Initialement tourné vers des filières longues, le groupe a souhaité s’inscrire également dans une démarche de circuit de proximité ouvert sur le territoire via un site internet de vente directe. Afin de faire croître la valeur ajoutée des productions, le groupe a créé récemment une autre CUMA en partenariat avec la coopérative NORABIO afin de pouvoir conditionner les légumes avant la vente. Cette CUMA se nomme CUMA Bio territoires.

Une structuration réussie et gagnante que veulent multiplier l’État et la Région

Les moyens obtenus dans le cadre du GIEE ont permis d’atteindre et même de dépasser largement les objectifs du projet initial qui visait à structurer un groupe d’agriculteurs visant leur conversion totale en agriculture biologique.

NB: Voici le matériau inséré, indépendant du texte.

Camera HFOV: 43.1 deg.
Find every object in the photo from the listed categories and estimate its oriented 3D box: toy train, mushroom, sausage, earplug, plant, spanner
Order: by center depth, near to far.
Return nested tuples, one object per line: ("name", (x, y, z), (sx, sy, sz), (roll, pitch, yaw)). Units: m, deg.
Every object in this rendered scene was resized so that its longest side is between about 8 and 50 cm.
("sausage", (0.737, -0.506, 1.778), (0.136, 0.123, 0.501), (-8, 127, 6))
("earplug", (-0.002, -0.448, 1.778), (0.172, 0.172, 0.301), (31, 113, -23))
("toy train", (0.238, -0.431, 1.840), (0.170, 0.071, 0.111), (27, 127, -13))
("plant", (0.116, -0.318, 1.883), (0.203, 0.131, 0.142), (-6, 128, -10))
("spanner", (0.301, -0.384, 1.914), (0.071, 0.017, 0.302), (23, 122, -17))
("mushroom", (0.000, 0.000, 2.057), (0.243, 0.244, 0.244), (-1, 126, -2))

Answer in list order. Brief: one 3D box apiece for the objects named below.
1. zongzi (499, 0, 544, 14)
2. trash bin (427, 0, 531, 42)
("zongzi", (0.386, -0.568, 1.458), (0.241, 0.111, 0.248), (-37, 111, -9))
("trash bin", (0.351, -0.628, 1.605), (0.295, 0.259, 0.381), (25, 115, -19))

Le groupe s’est étoffé puisqu’il compte maintenant une quinzaine d’agriculteurs et un groupe voisin s’intéresse aujourd’hui de très près à cette démarche exemplaire.

Cette visite a confirmé la conviction de Marie-Sophie Lesne et de Luc Maurer sur la nécessité d’accompagner les groupes locaux d’agriculteurs tels que les GIEE, les GEDA (Groupements d’Étude et de Développement agricole), les CUMACoopérative d'utilisation de matériel agricole… et de renforcer les aides qui leur sont destinées. L’aide apportée pour financer un technicien-conseil auprès des producteurs génère en retour une augmentation très nette de la valeur ajoutée produite sur chaque exploitation. L’effet levier d’une telle aide est remarquable.

Selon Luc Maurer : « les ingrédients du succès sont le mode projet, avec un collectif, local, ouvert largement sur tout un ensemble de partenaires ».

Christophe Buisset va dans le même sens : « le développement économique territorial, c’est ce qui donne du sens à notre métier ».

La volonté politique a donc été confirmée, conjointement par l’État et la Région, en lien étroit avec la chambre régionale d’agriculture, de construire un programme conjoint de soutien aux groupes locaux d’agriculteurs engagés dans l’agro-écologie. C’est d’ailleurs l’une des priorités de la stratégie régionale pour l’agriculture qui sera proposée aux votes des élus régionaux fin septembre. Cela viendra consolider l’aide déjà apportée par l’État aux GIEE.

L’agence de l’eau Artois-Picardie est également prête à soutenir ce type de démarche de groupements vertueux.